Personal information
- Born: June 16, 1972 (age 53) Seattle, Washington, U.S.

Career information
- College: Williams College (BA) Stanford University (JD)

Career history
- 2020–present: Houston Rockets

= Rafael Stone =

American sports executive

Rafael Stone (born June 16, 1972) is the general manager of the Houston Rockets.

== Early life ==
A Seattle native, Stone is the oldest of three children. He earned an undergraduate degree in African American studies and political science from Williams College in Massachusetts, where he also played Division III basketball for four seasons. After graduating from Stanford Law School, Stone worked as an associate and then as a partner at New York City-based Dewey Ballantine LLP's mergers and acquisitions and capital markets group.

== Executive career ==
Stone joined the Rockets in 2005 as general counsel and was later promoted to executive vice president of basketball operations while still serving as general counsel. As general counsel, he was responsible for all legal matters related to the franchise and its arena, Toyota Center, including player contracts, trades, business transactions, and concerts.

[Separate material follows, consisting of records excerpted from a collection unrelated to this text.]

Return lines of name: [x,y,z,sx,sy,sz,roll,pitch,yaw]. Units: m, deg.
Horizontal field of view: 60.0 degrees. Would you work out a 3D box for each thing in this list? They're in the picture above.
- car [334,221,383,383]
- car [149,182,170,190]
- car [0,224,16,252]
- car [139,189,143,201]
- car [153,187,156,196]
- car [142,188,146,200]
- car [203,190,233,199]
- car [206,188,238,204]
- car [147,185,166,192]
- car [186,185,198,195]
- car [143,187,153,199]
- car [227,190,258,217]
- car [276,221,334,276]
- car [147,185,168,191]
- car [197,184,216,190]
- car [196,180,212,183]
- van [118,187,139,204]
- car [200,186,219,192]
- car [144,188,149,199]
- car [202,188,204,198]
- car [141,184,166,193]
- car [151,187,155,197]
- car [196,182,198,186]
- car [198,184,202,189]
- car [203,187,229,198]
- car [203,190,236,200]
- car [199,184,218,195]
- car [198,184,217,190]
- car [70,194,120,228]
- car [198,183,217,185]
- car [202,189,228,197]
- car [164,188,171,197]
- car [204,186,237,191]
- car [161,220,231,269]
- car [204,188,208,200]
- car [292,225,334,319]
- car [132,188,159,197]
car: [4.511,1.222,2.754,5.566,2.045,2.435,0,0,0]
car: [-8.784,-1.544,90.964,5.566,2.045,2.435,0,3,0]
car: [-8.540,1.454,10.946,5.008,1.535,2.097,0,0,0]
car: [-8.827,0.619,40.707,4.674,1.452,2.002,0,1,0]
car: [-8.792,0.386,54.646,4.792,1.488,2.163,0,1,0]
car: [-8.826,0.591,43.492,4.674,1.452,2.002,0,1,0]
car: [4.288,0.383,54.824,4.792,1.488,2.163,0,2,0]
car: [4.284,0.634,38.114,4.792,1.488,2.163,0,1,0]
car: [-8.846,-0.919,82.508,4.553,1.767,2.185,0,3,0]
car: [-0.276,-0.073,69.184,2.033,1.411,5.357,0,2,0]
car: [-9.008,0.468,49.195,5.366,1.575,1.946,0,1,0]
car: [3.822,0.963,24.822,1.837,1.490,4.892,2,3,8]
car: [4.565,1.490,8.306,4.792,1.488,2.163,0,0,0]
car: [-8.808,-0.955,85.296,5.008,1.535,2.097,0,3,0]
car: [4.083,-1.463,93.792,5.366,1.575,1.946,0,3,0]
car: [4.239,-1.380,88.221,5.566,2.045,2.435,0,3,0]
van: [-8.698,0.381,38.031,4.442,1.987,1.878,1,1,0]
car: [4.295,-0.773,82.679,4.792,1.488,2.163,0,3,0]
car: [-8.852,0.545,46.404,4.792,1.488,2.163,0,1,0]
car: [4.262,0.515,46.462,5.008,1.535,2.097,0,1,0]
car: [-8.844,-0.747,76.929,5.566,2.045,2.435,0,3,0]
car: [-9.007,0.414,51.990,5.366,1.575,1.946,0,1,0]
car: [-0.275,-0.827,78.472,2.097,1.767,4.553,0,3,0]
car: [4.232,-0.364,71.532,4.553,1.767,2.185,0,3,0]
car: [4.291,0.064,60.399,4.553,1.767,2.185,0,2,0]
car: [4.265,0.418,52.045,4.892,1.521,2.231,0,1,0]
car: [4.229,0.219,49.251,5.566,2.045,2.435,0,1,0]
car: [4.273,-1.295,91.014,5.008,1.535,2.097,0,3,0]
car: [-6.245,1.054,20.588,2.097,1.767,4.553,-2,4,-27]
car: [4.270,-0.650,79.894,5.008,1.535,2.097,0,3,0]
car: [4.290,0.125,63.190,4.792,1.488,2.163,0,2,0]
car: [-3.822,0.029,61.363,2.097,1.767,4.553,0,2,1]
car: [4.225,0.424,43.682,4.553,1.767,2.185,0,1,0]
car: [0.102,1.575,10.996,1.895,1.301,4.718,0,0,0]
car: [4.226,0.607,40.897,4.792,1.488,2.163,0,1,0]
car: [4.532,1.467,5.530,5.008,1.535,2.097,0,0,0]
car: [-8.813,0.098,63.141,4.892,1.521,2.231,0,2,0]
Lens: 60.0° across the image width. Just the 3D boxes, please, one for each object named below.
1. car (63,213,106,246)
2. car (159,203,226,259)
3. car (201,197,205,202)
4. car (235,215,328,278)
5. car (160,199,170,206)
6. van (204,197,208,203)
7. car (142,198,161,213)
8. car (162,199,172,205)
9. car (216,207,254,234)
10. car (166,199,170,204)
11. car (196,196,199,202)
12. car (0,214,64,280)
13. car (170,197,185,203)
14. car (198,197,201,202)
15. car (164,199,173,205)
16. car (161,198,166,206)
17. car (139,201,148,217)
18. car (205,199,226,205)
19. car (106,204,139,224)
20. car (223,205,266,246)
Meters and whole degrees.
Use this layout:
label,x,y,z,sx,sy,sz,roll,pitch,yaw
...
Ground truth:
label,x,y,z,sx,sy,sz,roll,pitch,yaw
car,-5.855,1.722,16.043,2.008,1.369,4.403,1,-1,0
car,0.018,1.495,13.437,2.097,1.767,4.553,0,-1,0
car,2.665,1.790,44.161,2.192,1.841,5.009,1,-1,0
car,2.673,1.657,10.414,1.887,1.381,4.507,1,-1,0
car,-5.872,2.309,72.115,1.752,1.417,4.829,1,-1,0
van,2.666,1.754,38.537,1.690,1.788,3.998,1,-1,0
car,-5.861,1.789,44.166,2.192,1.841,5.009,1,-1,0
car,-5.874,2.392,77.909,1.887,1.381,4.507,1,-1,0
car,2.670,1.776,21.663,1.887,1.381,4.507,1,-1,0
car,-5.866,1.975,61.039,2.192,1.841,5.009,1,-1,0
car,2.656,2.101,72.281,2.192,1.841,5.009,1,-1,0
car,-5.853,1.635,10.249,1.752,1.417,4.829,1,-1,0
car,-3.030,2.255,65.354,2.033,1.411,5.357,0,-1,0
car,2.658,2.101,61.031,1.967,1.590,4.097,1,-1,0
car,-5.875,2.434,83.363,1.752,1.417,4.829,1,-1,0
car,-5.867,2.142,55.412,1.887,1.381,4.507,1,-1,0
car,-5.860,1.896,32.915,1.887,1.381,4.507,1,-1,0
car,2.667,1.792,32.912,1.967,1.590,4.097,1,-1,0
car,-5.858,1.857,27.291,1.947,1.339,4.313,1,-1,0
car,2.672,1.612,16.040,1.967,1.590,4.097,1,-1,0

He was named general manager of the Houston Rockets by owner Tilman J. Fertitta on Oct. 15, 2020. One of Stone's earliest transactions as Rockets GM was trading Robert Covington to Portland in exchange for Trevor Ariza, a first-round pick, and the rights to Isaiah Stewart, who was the 16th overall pick in the 2020 NBA draft.

Stone then traded Ariza, the rights to Stewart, a second round pick, and cash considerations to Detroit in exchange for Christian Wood, a first-round pick, and a second round pick. Wood went onto finish fourth in voting for the Most Improved Player award in 2020-21 while averaging career-highs of 21.0 points and 9.6 rebounds.

On January 22, 2021, Stone acquired Kevin Porter Jr. from Cleveland in exchange for a second round pick. Porter averaged 16.6 points, 6.3 assists, and 3.8 rebounds over the remainder of the season and joined Memphis’ Ja Morant as the only sophomores in 2020–21 to have averaged at least 16.0 ppg, 6.0 apg, and 3.0 rpg.

During the 2021 NBA draft, Houston acquired four players within the first 24 picks, all of whom were 19-years-old heading into the 2021-22 season. The Rockets drafted Jalen Green with the second overall pick, Usman Garuba 23rd, and Josh Christopher 24th, while obtaining the rights to Alperen Sengun, who was the 16th overall pick by Oklahoma City. The pick used to acquire Garuba was obtained from Portland as part of the Covington deal, while the pick used to select Christopher came from a four-team trade Houston made with Brooklyn, Cleveland, and Indiana on Jan. 16, 2021.

== Personal life ==
His father, Rafael Stone, played point guard at the University of Washington in the late 1960s and was coached by future Hall of Famer Tex Winter for his final two seasons. He chose a career in law rather than to pursue playing basketball professionally and became the first black lawyer hired by a major Seattle firm.

Stone and his wife have three children.